Quite good indeed. That quick attachment is critical in my estimation. There are certainly times when tools are at risk, regardless the expense. Additionally, 6'' works in envelope tolerances want to be held close. A 12'' would introduce error [doubled] if not flat and parallel to the ways. All DRO kits have hardware to adjust precise alignment with a moving machine element; carriage, table, or quill.
My lathe is equipped with 70's era electronic operating like a Trav-A-Dial. Both use a wheel of precise circumference to infer travel. Accurate within .002 over entire 54'' of travel, but face of way needs cleanliness to function accurately. The vertical axis of wheel requires 100% alignment in both planes to perform. The compound is equipped differently. 
On fleabuy, found a 1950's era patent model of a vernier scale and division plate.
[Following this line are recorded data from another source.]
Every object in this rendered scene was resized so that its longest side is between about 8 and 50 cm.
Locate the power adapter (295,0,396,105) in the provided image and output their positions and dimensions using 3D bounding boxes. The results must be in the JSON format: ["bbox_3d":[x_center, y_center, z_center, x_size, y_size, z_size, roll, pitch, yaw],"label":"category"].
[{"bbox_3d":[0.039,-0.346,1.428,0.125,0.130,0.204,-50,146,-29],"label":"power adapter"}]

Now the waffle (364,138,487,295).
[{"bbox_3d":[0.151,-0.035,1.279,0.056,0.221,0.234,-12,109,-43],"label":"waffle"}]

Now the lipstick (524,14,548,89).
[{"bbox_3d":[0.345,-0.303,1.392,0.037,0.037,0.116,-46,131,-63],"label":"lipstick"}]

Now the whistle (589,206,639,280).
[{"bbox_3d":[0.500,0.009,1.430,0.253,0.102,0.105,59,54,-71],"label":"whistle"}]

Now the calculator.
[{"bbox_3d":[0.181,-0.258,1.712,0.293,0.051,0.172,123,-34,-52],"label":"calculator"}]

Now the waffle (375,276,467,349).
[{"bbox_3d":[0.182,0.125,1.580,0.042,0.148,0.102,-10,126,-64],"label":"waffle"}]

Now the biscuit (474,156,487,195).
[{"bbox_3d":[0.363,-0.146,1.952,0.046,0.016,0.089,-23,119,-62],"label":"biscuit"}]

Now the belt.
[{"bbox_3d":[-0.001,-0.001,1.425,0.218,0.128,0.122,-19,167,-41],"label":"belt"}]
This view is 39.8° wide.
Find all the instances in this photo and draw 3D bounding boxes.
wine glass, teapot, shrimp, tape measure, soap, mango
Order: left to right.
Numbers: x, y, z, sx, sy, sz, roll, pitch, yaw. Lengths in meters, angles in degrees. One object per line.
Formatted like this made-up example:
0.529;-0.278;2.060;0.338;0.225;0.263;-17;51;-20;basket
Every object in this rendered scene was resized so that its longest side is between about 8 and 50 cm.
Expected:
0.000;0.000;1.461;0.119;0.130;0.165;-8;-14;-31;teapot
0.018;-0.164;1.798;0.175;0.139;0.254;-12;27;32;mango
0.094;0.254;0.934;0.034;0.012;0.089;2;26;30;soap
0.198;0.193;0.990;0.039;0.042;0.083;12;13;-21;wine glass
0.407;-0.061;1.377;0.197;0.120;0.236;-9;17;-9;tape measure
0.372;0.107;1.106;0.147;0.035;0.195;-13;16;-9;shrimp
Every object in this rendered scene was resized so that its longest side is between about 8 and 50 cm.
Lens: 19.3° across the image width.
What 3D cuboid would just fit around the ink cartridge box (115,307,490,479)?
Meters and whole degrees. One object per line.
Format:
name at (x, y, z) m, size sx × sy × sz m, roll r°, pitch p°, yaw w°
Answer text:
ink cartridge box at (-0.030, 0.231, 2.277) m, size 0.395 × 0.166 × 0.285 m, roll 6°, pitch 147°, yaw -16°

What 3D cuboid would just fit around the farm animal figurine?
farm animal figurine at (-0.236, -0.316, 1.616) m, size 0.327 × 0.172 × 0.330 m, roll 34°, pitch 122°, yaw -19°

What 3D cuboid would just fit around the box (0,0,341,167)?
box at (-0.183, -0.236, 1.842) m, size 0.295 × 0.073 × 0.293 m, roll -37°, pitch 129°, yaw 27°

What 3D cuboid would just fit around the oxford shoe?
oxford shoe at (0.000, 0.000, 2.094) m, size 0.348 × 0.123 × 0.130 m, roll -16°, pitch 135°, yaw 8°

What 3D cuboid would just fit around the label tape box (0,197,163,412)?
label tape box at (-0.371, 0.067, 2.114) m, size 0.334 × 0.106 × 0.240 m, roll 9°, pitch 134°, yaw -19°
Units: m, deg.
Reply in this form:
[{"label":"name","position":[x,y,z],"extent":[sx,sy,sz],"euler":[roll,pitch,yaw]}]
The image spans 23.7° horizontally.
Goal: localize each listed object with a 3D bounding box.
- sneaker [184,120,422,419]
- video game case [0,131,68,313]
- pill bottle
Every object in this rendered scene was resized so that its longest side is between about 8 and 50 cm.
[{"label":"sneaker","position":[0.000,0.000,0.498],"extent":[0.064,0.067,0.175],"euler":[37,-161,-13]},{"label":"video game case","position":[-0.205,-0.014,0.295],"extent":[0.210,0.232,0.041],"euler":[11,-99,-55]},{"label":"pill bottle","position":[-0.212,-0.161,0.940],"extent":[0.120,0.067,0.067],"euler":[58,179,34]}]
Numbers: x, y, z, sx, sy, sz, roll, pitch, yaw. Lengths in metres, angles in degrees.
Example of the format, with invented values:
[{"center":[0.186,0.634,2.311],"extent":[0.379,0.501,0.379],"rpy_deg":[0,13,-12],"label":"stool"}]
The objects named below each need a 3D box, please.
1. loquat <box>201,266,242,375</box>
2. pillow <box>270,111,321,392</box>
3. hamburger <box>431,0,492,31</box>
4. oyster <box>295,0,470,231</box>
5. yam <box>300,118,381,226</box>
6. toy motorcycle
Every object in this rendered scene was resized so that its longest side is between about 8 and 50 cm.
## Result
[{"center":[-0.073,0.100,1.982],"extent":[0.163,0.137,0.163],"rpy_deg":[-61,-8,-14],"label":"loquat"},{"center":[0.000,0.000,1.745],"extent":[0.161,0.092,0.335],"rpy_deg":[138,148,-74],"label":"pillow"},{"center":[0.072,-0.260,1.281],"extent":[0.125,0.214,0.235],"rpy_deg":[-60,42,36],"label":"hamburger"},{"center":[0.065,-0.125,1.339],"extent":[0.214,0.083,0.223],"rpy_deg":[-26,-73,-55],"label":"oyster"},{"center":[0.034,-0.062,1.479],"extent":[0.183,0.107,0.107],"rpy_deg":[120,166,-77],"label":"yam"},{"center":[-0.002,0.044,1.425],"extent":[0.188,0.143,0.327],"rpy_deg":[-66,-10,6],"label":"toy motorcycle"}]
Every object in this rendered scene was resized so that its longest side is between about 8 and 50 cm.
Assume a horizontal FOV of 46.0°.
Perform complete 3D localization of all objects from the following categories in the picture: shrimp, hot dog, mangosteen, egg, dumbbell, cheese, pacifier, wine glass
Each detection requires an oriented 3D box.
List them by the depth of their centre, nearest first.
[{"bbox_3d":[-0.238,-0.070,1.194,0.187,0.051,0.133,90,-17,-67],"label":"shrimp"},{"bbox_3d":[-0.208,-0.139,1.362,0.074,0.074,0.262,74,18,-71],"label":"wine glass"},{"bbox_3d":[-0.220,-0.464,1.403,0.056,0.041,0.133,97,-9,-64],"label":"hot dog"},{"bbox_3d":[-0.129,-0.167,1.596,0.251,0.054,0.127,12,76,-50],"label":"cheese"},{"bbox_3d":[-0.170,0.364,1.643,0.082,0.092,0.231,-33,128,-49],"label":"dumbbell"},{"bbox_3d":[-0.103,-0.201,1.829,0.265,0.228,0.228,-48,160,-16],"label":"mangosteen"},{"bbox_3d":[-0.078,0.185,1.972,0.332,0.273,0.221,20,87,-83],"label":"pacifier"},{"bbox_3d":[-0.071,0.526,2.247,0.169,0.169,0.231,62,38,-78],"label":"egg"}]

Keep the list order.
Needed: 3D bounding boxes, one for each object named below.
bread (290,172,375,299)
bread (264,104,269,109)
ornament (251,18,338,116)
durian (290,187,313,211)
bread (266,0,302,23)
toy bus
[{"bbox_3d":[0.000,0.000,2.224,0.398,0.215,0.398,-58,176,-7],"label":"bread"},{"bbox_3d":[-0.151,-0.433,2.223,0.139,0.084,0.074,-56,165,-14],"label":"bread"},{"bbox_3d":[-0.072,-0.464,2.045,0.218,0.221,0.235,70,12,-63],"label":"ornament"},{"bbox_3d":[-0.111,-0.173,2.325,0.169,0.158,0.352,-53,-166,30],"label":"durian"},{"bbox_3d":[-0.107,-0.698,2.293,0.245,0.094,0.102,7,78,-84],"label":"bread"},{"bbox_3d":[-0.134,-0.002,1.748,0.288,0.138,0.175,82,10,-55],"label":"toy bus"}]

Scale is mounted, the divisions are movable anywhere along length of scale. So not exactly 'Zeroed' in common manner but 2.000 or any reading is easily returned to. A little trig allows for PRECISE size control at any angle. Observing approach to desired measurement and cutting action almost simultaneously is better than counting flashing digits.
In keeping with observation different geological areas have preferential compound angles. 30* (even 29.5*) moves one half division of that dial. At 90*, you'll get 1:1 control of facing, snap ring grooves, counterbores etc. In the US, with carriage readers fairly common, 29.5*-30* is ready for fine diameter control and threading. With close diameters, I like a .0005, .0001, once a .00005 test indicator on the crosslide. For production, using QC toolpost and holders, only a two-axis DRO would be suitable. Long travel indicator stems on lathes is asking for trouble.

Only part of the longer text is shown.